UTS-39 and Chromium documentation discuss some good stuff, but they’re both even more restrictive than IDNA 2008.
UTS-39 references a tool which displays confusables. For example, x vs х is crazy dangerous. It shows up in a 14 registered names so far: some surrounded by the appropriate script and a few that are certainly malicious. Applying a confusable-like mapping might be a good idea but it will brick some names. Some of these are already handled by IDNA 2008.
To reduce implementation complexity, rather then relying on many public Unicode files, ENS could supply a singular table that combines UTS-51 (+SEQ/ZWJ), UTS-46, and UTS-39 which makes implementation relatively straight forward.
Edit: Here is a first attempt at a visualization of the confusables relative to IDNA 2008.

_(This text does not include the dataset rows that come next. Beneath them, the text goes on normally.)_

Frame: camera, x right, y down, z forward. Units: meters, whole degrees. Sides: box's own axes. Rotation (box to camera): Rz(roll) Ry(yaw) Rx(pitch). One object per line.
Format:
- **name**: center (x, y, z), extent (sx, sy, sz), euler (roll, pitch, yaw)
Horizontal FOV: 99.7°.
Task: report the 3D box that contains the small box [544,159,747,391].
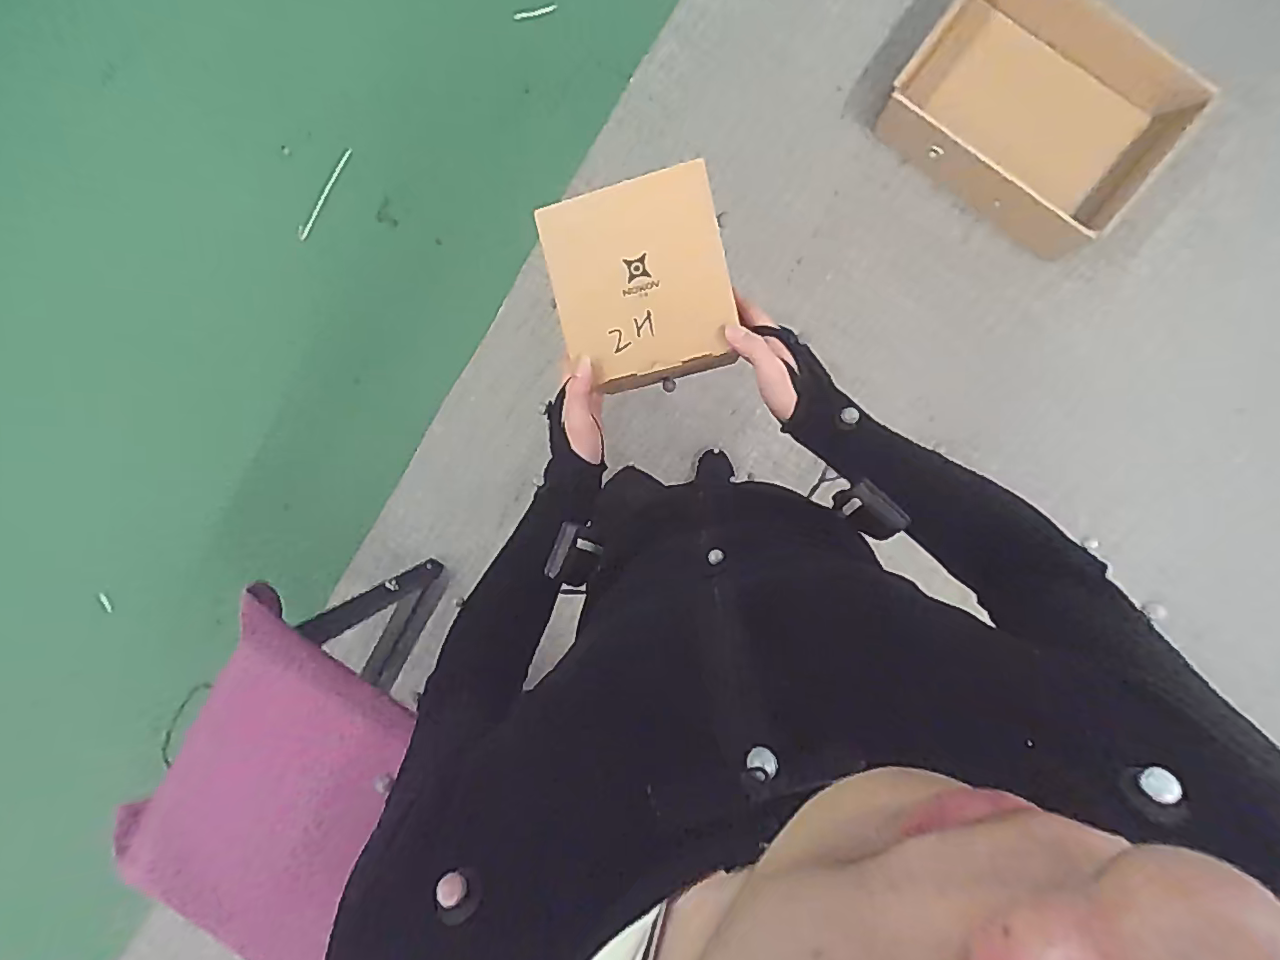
- **small box**: center (0.014, -0.199, 0.582), extent (0.168, 0.176, 0.179), euler (-11, 96, 9)
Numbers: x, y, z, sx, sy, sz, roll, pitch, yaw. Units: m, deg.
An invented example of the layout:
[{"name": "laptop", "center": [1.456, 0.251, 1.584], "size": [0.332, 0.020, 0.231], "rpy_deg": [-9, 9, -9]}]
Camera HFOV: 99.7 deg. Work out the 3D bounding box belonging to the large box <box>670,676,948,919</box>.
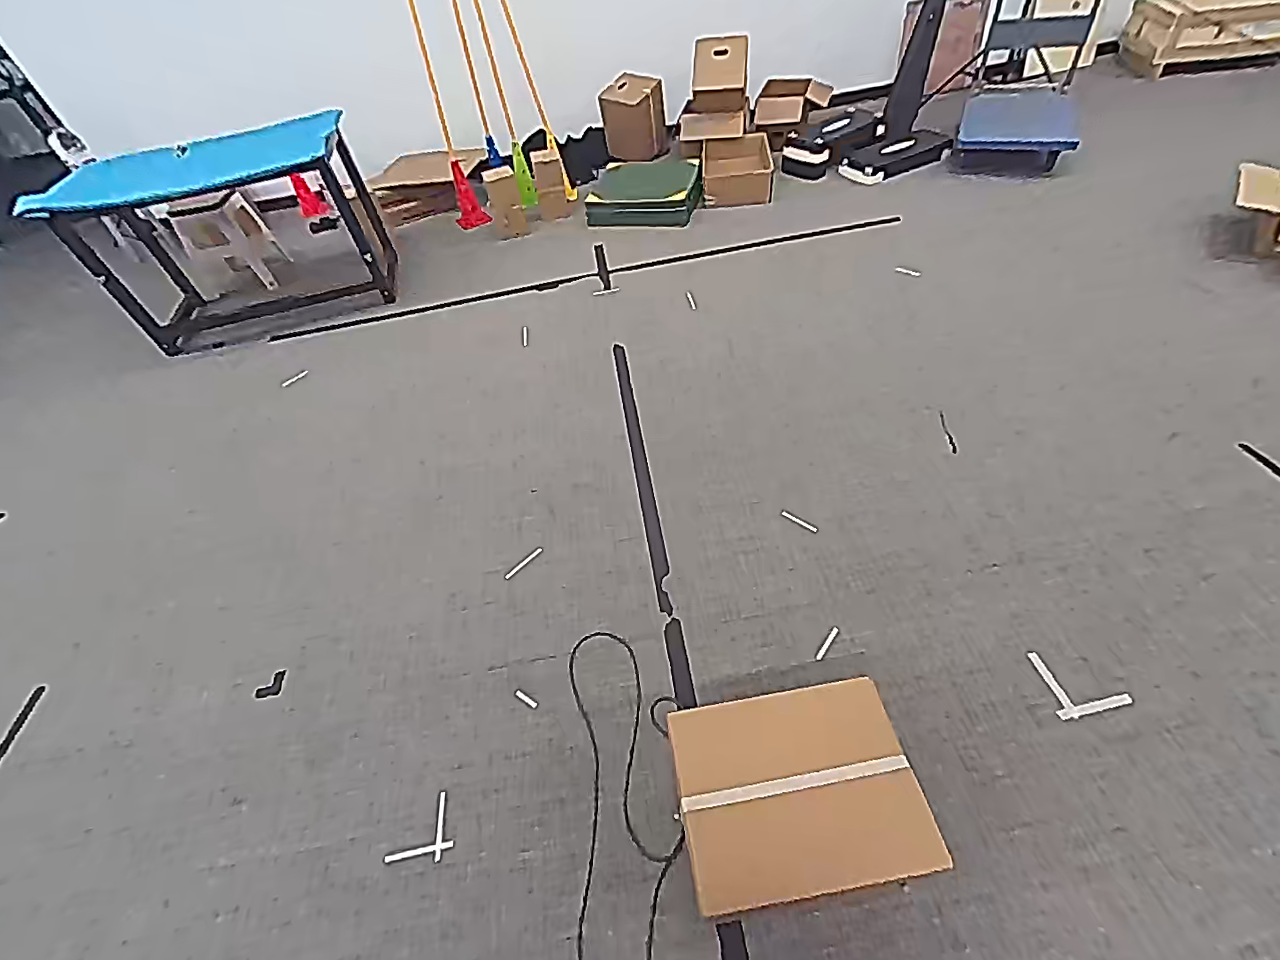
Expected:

The way to read this is: “o” is a confusable category. There are 75 characters that are confusable with it. According to IDNA 2008, they correspond to 42 separate entities after normalization is applied. The largest group has 14 characters that map to o. The next largest group has 7 characters that map to ه, etc. Groups of one are just shown as a single element (without the count and black arrow) to save space. The color codes match the rest of the reports: green = valid, purple = mapped, red = disallowed.
The scary thing would be any groups that map to similar yet distinct characters. For the image above, 14 map to o (6F) and 5 map to ο (3BF). There’s very little difference between “Latin Letter O” and “Greek Omicron”.